↓
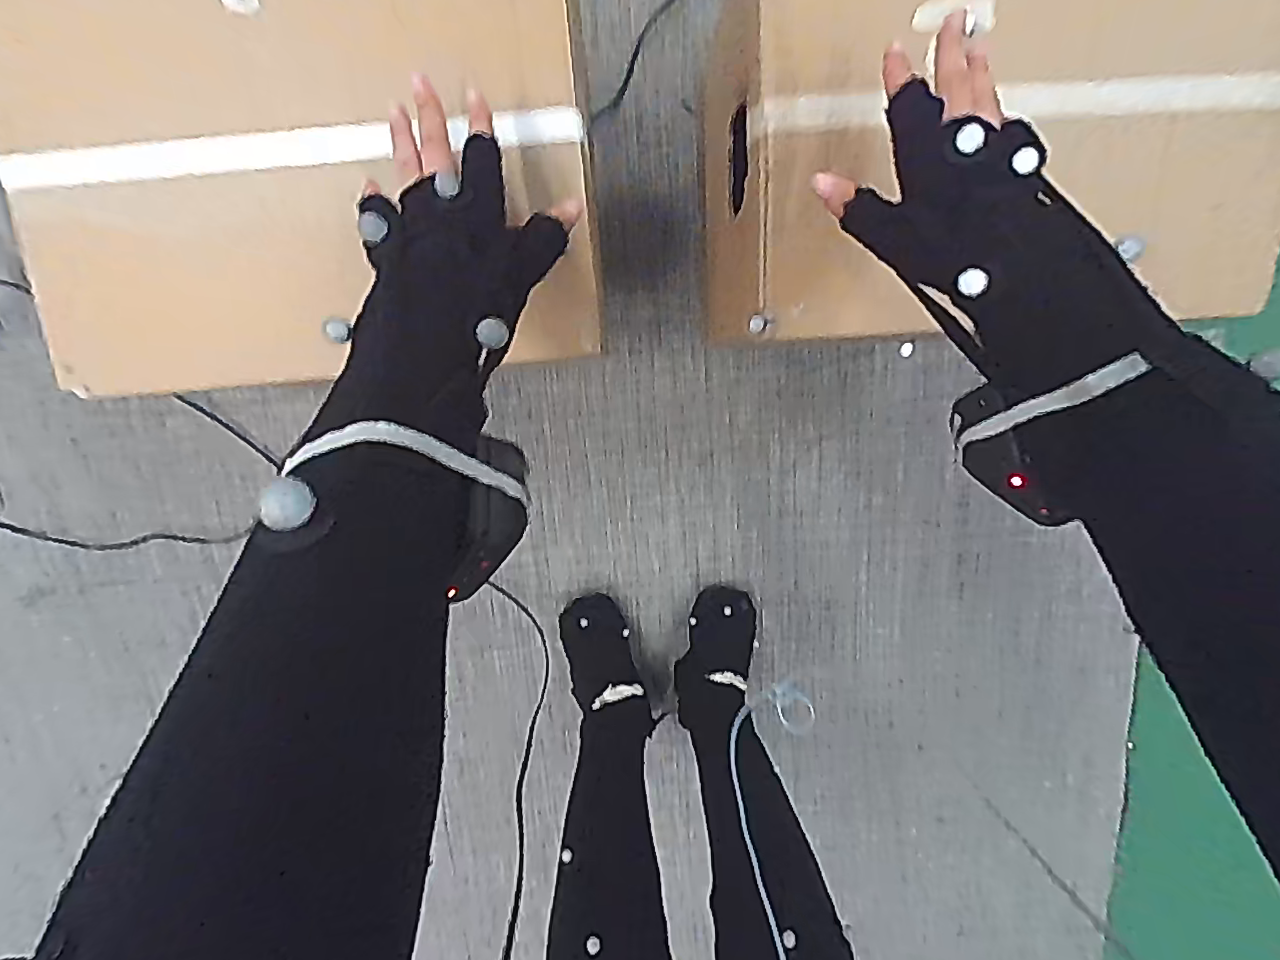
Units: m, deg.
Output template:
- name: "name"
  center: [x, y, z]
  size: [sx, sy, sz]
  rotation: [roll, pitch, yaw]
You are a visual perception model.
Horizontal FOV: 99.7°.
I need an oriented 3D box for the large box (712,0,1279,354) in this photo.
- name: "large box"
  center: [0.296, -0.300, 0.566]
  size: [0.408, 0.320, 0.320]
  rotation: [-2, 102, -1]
↑
↓
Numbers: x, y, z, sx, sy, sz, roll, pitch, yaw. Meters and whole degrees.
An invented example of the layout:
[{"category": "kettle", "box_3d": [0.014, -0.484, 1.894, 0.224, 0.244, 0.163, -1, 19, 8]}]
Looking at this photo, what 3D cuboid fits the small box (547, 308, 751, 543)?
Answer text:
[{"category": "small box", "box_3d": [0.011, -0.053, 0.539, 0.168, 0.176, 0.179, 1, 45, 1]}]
↑
↓
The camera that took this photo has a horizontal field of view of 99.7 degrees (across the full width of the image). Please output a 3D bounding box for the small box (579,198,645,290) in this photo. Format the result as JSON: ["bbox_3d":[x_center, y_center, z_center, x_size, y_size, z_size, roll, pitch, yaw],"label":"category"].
↑
» PROBLEM TO SOLVE:
In the data above, copy every line where the string "pitch" appears.

» OUTPUT OF THE EXERCISE:
  rotation: [roll, pitch, yaw]
Numbers: x, y, z, sx, sy, sz, roll, pitch, yaw. Meters and whole degrees.
The camera that took this photo has a horizontal field of view of 99.7 degrees (across the full width of the image). Please output a 3D bounding box for the small box (579,198,645,290) in this photo. Format the result as JSON: ["bbox_3d":[x_center, y_center, z_center, x_size, y_size, z_size, roll, pitch, yaw],"label":"category"].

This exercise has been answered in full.